Sous Théodose, il y eut une sorte de redoublement dans l’amour des peuples pour les folies du cirque et du théâtre. À cette époque où le christianisme s’était recruté de toute cette masse indifférente qui suit l’impulsion du pouvoir, il y eut une sorte de relâchement dans la discipline et dans les mœurs. Cependant Théodose maintint l’interdiction des jeux le dimanche et essaya même par plusieurs lois de refréner la fureur des spectacles, particulièrement dans les magistrats qui négligeaient les affaires pour capter une popularité plus facile au moyen des jeux et des fêtes[1].

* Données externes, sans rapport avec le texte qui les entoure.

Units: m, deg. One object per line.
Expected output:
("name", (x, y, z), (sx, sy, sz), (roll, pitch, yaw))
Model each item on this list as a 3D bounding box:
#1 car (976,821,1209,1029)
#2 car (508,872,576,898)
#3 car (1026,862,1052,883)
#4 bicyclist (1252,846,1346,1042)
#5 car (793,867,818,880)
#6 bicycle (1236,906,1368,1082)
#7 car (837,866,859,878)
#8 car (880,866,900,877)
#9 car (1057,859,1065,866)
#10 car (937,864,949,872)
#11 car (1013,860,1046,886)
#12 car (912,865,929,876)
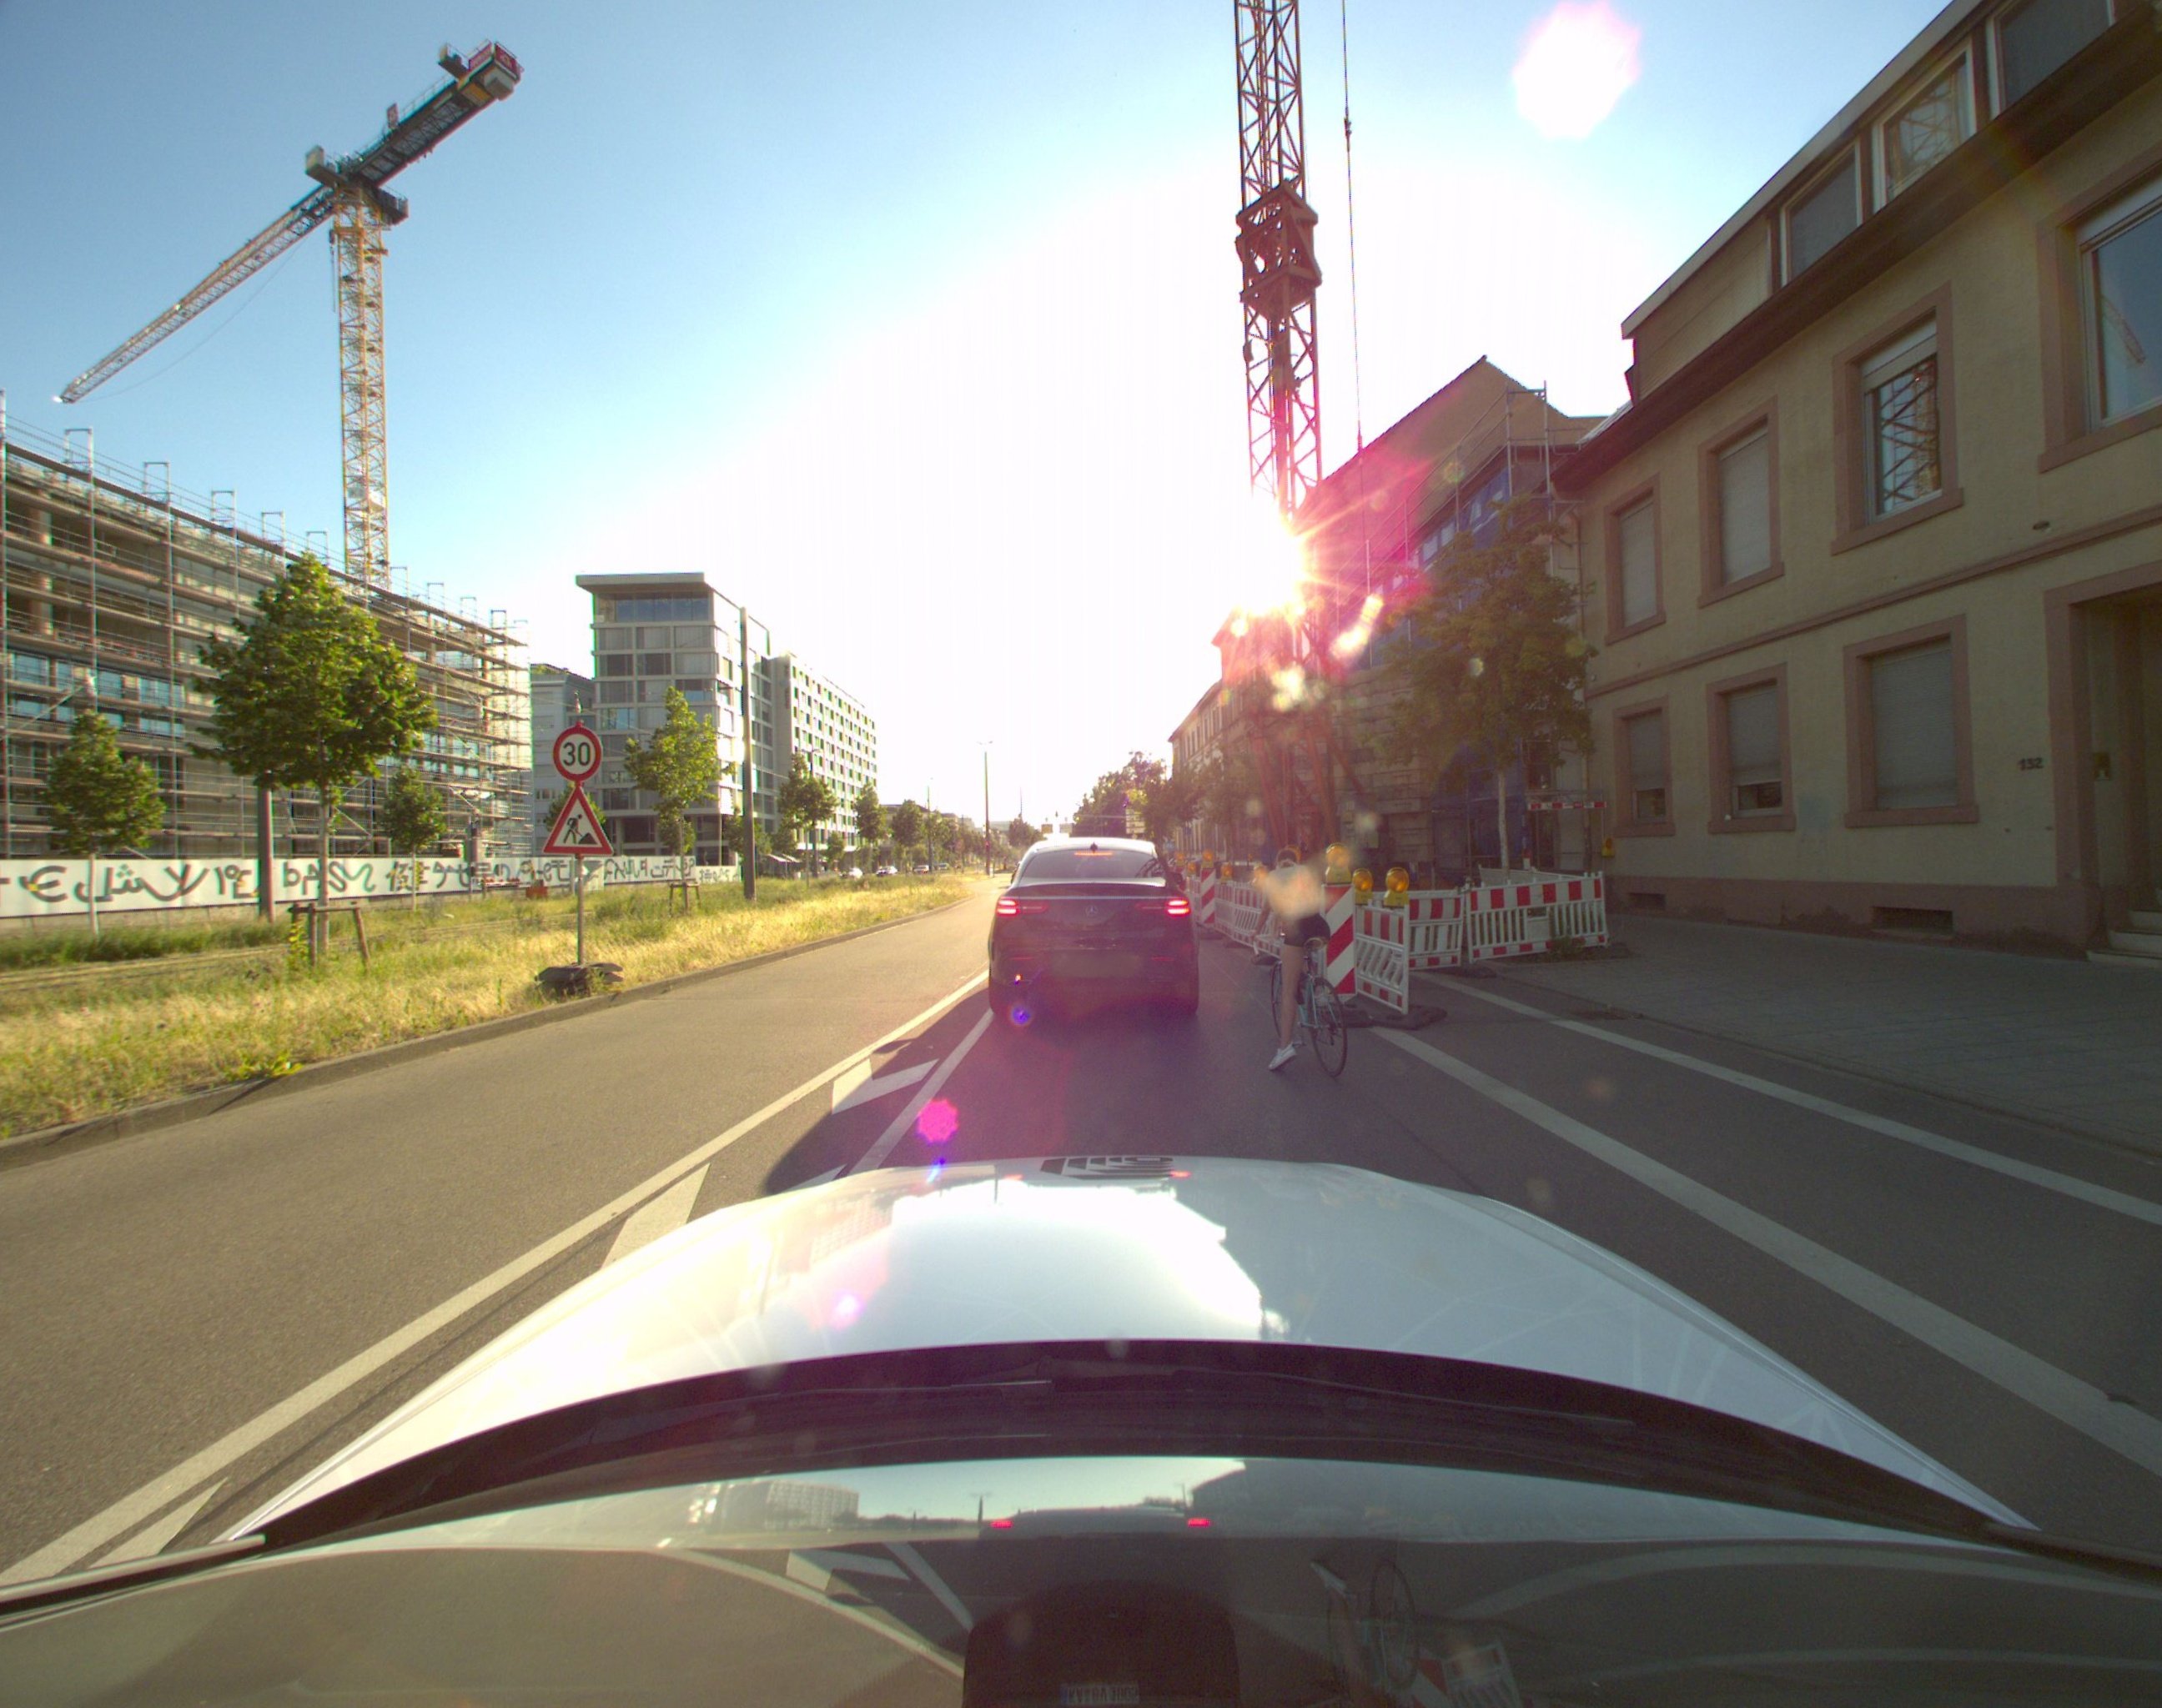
("car", (0.163, 0.626, 8.989), (1.986, 1.772, 4.001), (0, -1, 2))
("car", (-32.563, 1.860, 49.301), (1.703, 1.442, 3.581), (0, -1, 0))
("car", (-3.034, 1.333, 59.690), (1.703, 1.442, 3.581), (0, -1, 0))
("bicyclist", (1.624, 0.645, 6.134), (0.521, 1.395, 0.614), (0, -1, -1))
("car", (-32.343, 2.235, 95.807), (1.703, 1.442, 3.581), (0, -1, 0))
("bicycle", (1.615, 0.977, 6.220), (0.511, 1.052, 1.724), (0, -1, -1))
("car", (-28.846, 2.252, 100.712), (1.703, 1.442, 3.581), (0, -1, 0))
("car", (-24.780, 2.265, 105.646), (1.703, 1.442, 3.581), (0, -1, 0))
("car", (-4.491, 1.916, 183.914), (1.703, 1.442, 3.581), (0, -1, 0))
("car", (-25.617, 2.640, 151.221), (1.703, 1.442, 3.581), (0, -1, 0))
("car", (-2.963, 1.086, 47.425), (1.703, 1.442, 3.581), (0, -1, 0))
("car", (-22.774, 2.332, 115.530), (1.703, 1.442, 3.581), (0, -1, 0))

Cet engouement général qui entraînait les chrétiens eux-mêmes sur les gradins des amphithéâtres, ranima un moment les espérances du parti païen. Non-seulement il y eut relâchement chez les fidèles, mais il y eut parmi les gentils des tentatives plus hardies de retour au paganisme. Sans les talens admirables, sans le zèle apostolique des grands docteurs du ive siècle, il y aurait eu péril pour la foi naissante. Nous voyons alors Libanius et un certain nombre de païens distingués par leur talens, se coaliser pour faire triompher cette réaction. Nous voyons Symmaque, devenu préfet et consul de Rome en 391, faire les derniers

  1. Cod. Theodos., lib. i, tit. vii, lix. 2 ; et ibid., lib. xv, tit. v, lix. 2.